Gripe provocou a hospitalização de 660 pessoas em SC em 2016

Até o dia 19 de julho, 660 pessoas foram internadas em hospitais catarinenses por Síndrome Respiratória Aguda Grave (SRAG) provocada por influenza, ou seja, por gripe. Destas, 87 morreram, conforme dados da Diretoria de Vigilância Epidemiológica (Dive) da Secretaria de Estado da Saúde.

A grande maioria das pessoas hospitalizadas por gripe (85,2%) apresentava algum fator de risco associado, sendo 310 portadores de doença crônica, 29 gestantes, três puérperas, 35 crianças menores de dois anos, 143 idosos (maior que 60 anos) e 42 obesos. As pessoas acima de 50 anos representaram 41,7% do total de casos.

Os 573 casos de gripe que evoluíram para a cura foi pelo uso do antiviral Oseltamivir (Tamiflu), em média, até quatro dias após o início dos sintomas de síndrome gripal – febre, tosse ou dor de garganta – associados à mialgia, cefaleia ou artralgia.

Prevenção

A campanha de vacinação contra a gripe em Santa Catarina este ano atingiu uma cobertura de 98% em todos os grupos prioritários.

Além da vacinação, outras formas eficazes de prevenção para a gripe são lavar as mãos com água e sabão várias vezes ao dia e adotar a chamada etiqueta da tosse. Isso porque as mãos são um importante veículo de transmissão do vírus da gripe.

A partir do contato com um doente ou com uma superfície contaminada, o vírus pode penetrar pelas vias respiratórias, se a pessoa levar a mão ao rosto, causando doença grave se não tratada a tempo.

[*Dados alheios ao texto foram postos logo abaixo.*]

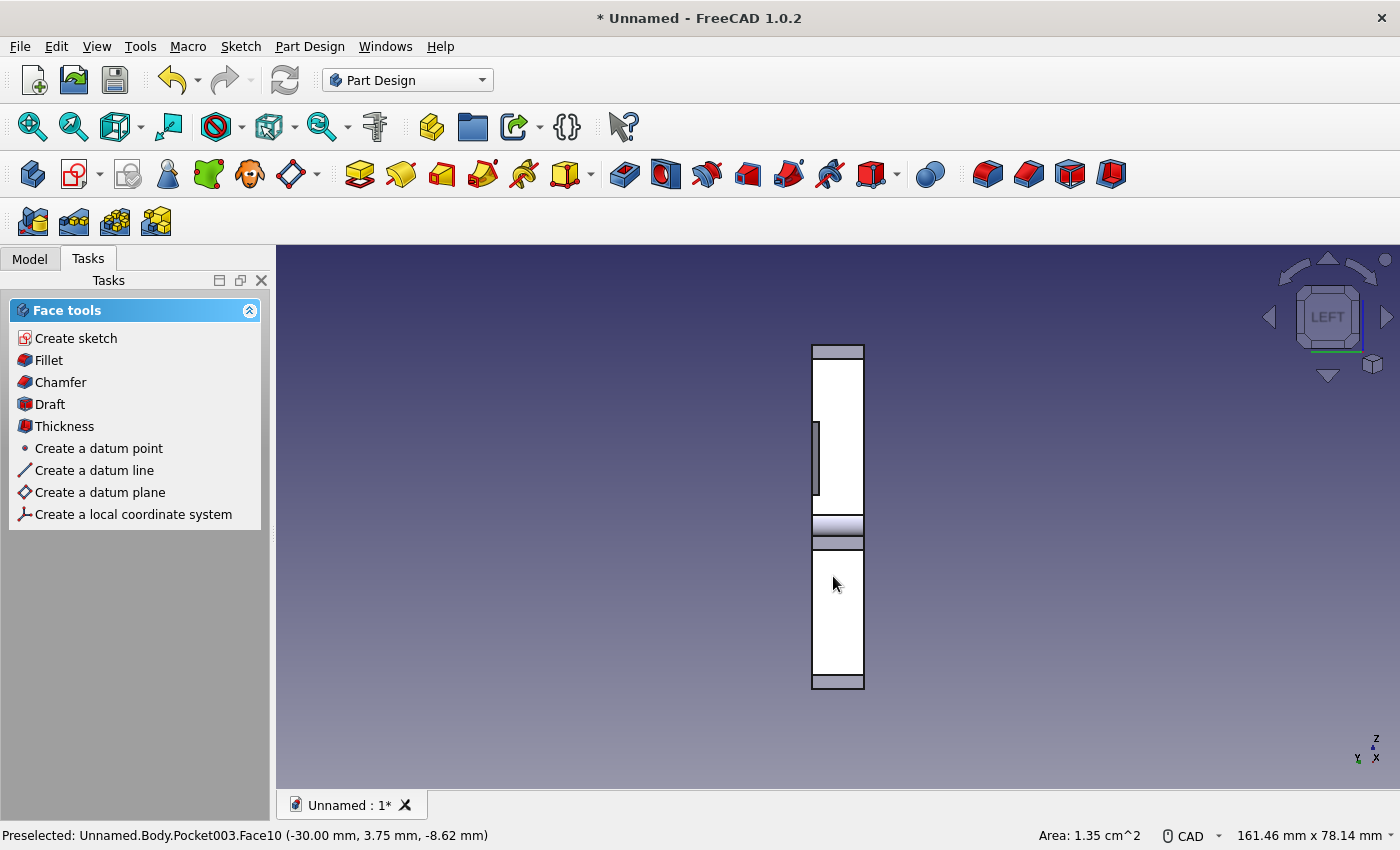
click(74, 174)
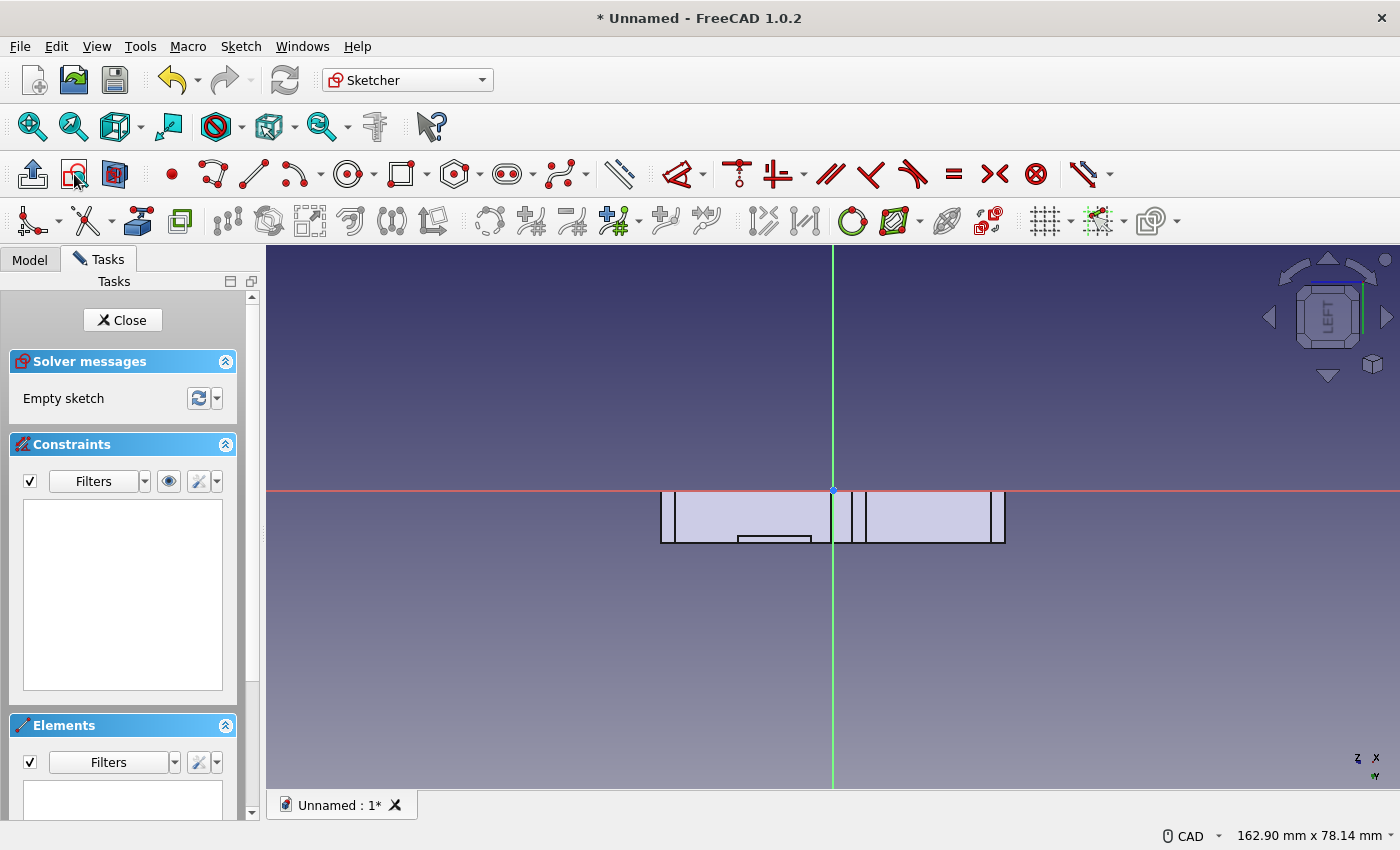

O vírus é transmitido de pessoa a pessoa a partir das secreções respiratórias, principalmente por meio da tosse ou do espirro. Ele pode, também, sobreviver por horas no ambiente, especialmente em superfícies tocadas frequentemente por várias pessoas, como corrimão, interruptores de luz, maçanetas, carrinhos de supermercado, entre outros.